Selling Price = -22227.81 + 104.44(Size) + (-78527.5 for a new house) + (61.92 * size * new house)
For a new, 3000 square foot house, the predicted price will be $398307.51
For an older, 3000 square foot house, the predicted price will be $291149.28
For a new, 1500 square foot house, the predicted price will be $148776.1
For an older, 1500 square foot house, the predicted price will be $134491.69
The size in home will raise the predicted selling price of the home, which is a common reality. - Do you think the model with interaction or the one without it represents the relationship of size and new to the outcome price? What makes you prefer one model over another?
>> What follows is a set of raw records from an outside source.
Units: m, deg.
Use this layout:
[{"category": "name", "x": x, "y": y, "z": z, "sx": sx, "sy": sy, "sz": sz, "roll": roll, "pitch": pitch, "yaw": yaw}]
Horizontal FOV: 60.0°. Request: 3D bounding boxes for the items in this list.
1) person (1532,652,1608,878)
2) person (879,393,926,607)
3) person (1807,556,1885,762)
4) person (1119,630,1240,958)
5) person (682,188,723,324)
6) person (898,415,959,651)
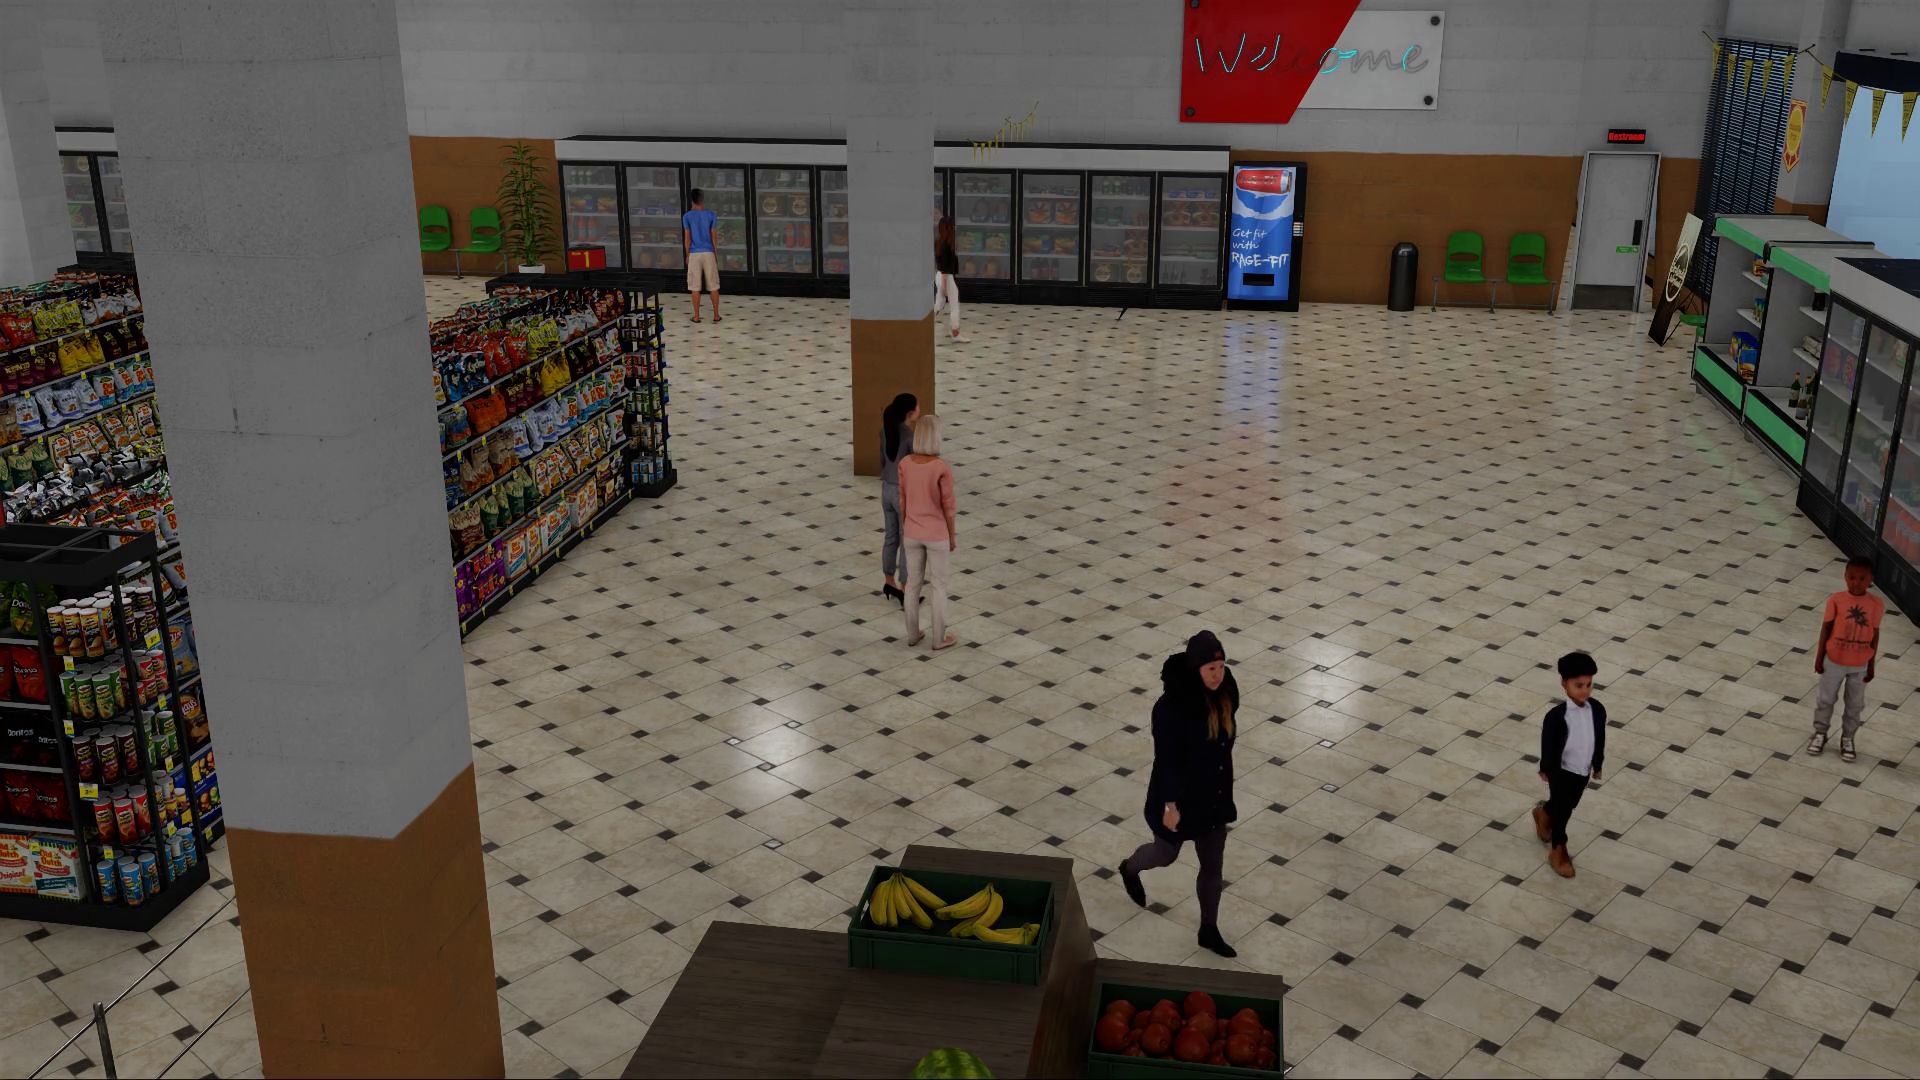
[{"category": "person", "x": 3.320, "y": 1.177, "z": 9.108, "sx": 0.672, "sy": 1.213, "sz": 0.849, "roll": -4, "pitch": 19, "yaw": -11}, {"category": "person", "x": -0.457, "y": -0.308, "z": 12.787, "sx": 0.753, "sy": 1.675, "sz": 0.720, "roll": -18, "pitch": 25, "yaw": -42}, {"category": "person", "x": 5.511, "y": 0.715, "z": 10.325, "sx": 0.530, "sy": 1.310, "sz": 0.544, "roll": 9, "pitch": 21, "yaw": 25}, {"category": "person", "x": 1.082, "y": 1.230, "z": 8.270, "sx": 1.066, "sy": 1.648, "sz": 1.134, "roll": -12, "pitch": 22, "yaw": -32}, {"category": "person", "x": -3.649, "y": -4.022, "z": 23.510, "sx": 0.740, "sy": 1.863, "sz": 0.720, "roll": -5, "pitch": 19, "yaw": -13}, {"category": "person", "x": -0.240, "y": -0.062, "z": 11.981, "sx": 0.659, "sy": 1.724, "sz": 0.619, "roll": 9, "pitch": 21, "yaw": 25}]

Using adjust R Squared as a way to determine which model does better, the interaction model wins out as its Adjusted RSquared of .736 is slightly higher than the regular model, which has an Adjusted RSquared of .717. I think both models do a sufficient job of explaining the reality that the size of a home does increase the cost. I would prefer the interaction model only because it does help validate my thinking that the size of a house combined with its “newness” makes a difference, which happens to be reflected by the fact that the interaction term was deemed to be statistically significant, at least using these two parameters as predictors.